For instance, we found a subtle bug in the helper function used to verify object properties. Take a look at the flawed implementation:

function isConfigurable(obj, name) {
  try {
    delete obj[name];
  } catch (e) {
    if (!(e instanceof TypeError)) {
      $ERROR("Expected TypeError, got " + e);
    }
  }
  return !Object.prototype.hasOwnProperty.call(obj, name);
}

This function is designed to determine if a given property is configurable (that is: if it can be deleted) by attempting to delete it and inspecting the result. It fails for one particular input, though. Can you guess which?

Time’s up. As written, isConfigurable would report incorrect results if it was called with the Object prototype and the string “hasOwnProperty”. In conforming JavaScript engines, it would successfully delete the property and then be unable to verify the result of the deletion. This didn’t directly impact any tests, but it was a rough edge nonetheless, so we smoothed it out.

We also learned that many tests included helper files without actually using them. This didn’t threaten the accuracy of test results, but it was still worth fixing. For one, it made tests longer than they had to be. With over 72,000 tests, a few superfluous bytes here and there can have a perceptible impact on the time it takes to load, parse, and execute the entire suite.

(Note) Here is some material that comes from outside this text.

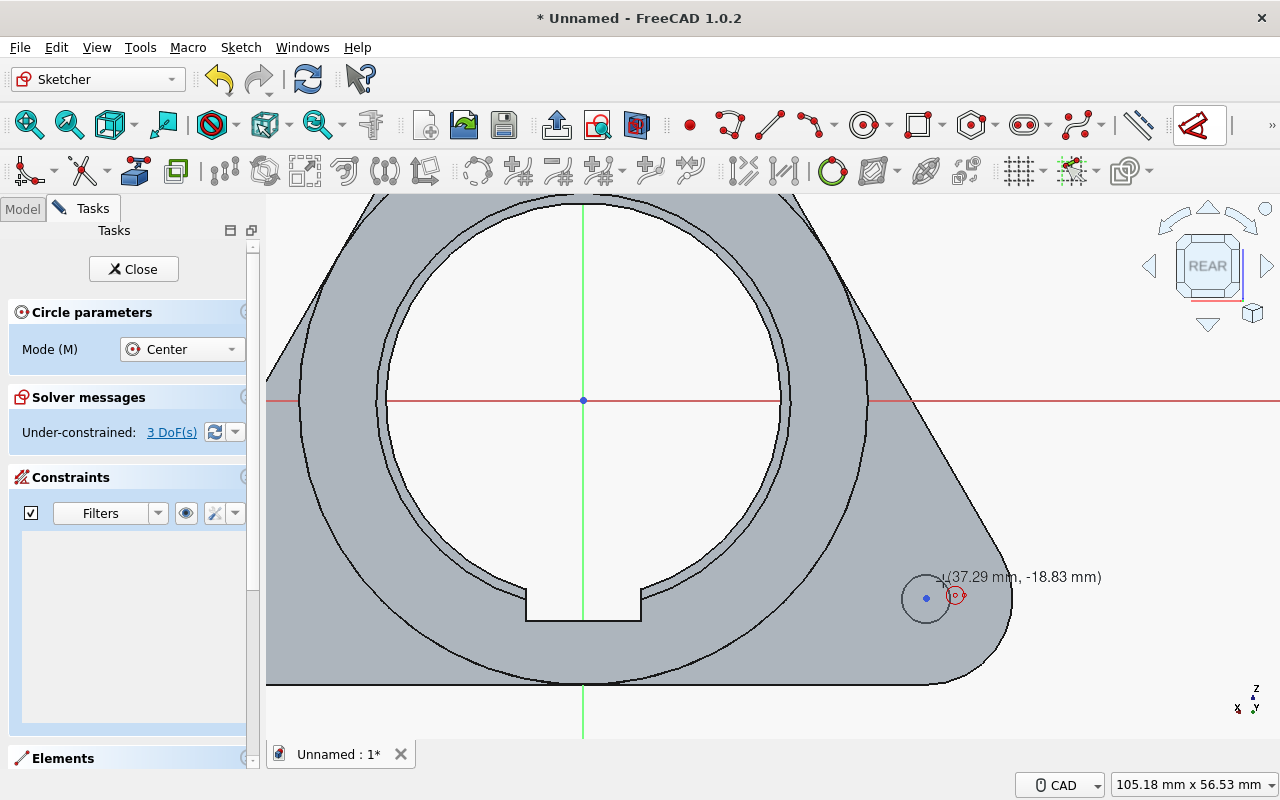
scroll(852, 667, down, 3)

Just as important, the unnecessary dependencies made the tests harder for us humans to understand.

We removed all the needless “includes” directives, and we extended the project’s self-tests to help folks avoid making the same mistake again.

Missing test coverage

Legacy RegExp Features is a proposed extension to the JavaScript programming language (and kind of a strange one, at that). It was thought to be well-tested in Test262, and tests are an important requirement for reaching stage 4 of the standardization process. Though our work on this side project, we discovered that most of the proposal did not have any tests.

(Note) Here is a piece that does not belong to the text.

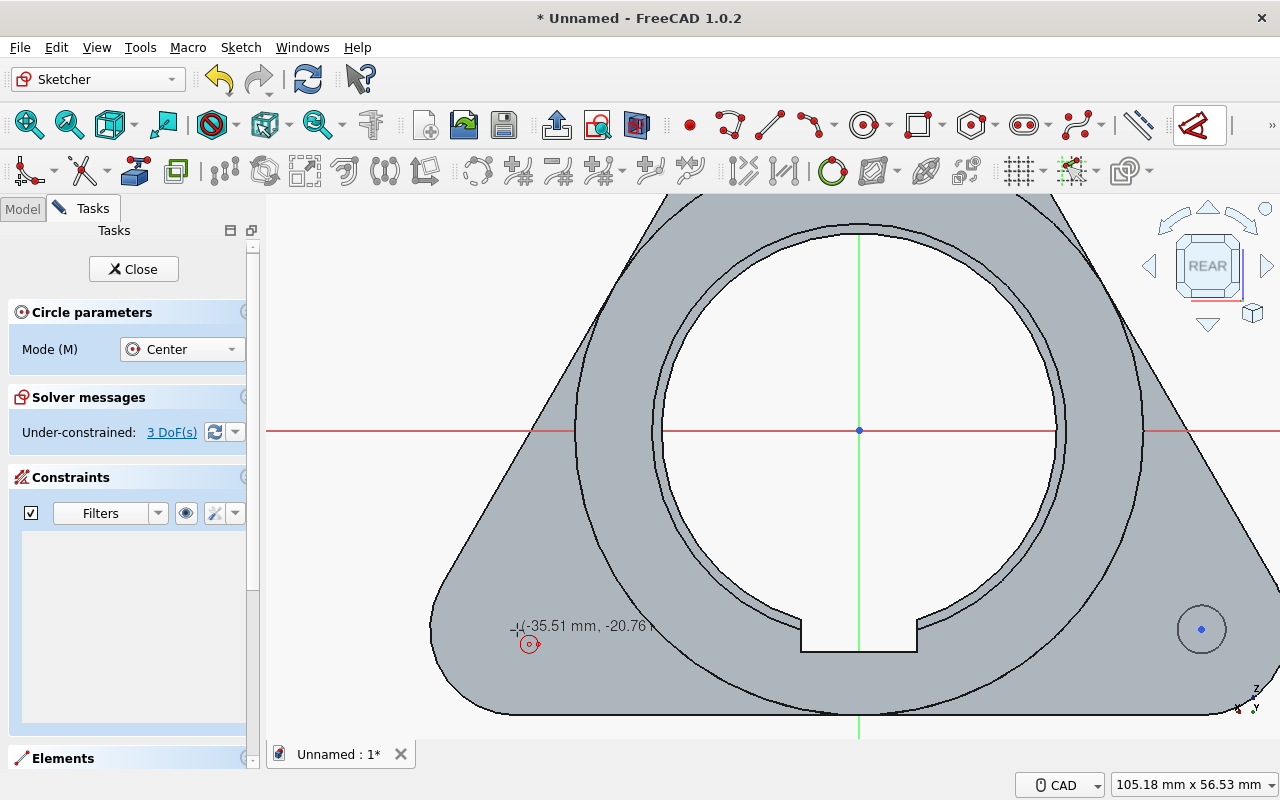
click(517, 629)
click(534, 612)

The proposal stalled a bit in the months that followed, but someone has just recently stepped up to fill out the missing coverage. With that patch merged, the proposal is just a little closer to standardization.

Back to the known

Even though we didn’t know what to expect from this experiment, we were happy with the results. Sure, the one-off fixes were nice, and the structural enhancements were even better. Mostly, though, we were impressed by what we didn’t find.

Imagine discovering some mold beneath the corner of an area rug. That’d have you questioning the cleanliness of the room and maybe the safety of the building. In the case of Test262, the floor boards weren’t spotless, but what we found was more like a few old Milk Duds. Worth cleaning up, but nothing to worry about.

So while there are probably still more subtle bugs in Test262, this experience gave us even greater confidence in the thoroughness of the project. Of course, that’s no reason to rest on our laurels. New tests are being written every day, after all. As new language features are designed and standardized, we’ll be working just as hard to preserve the quality of the test suite.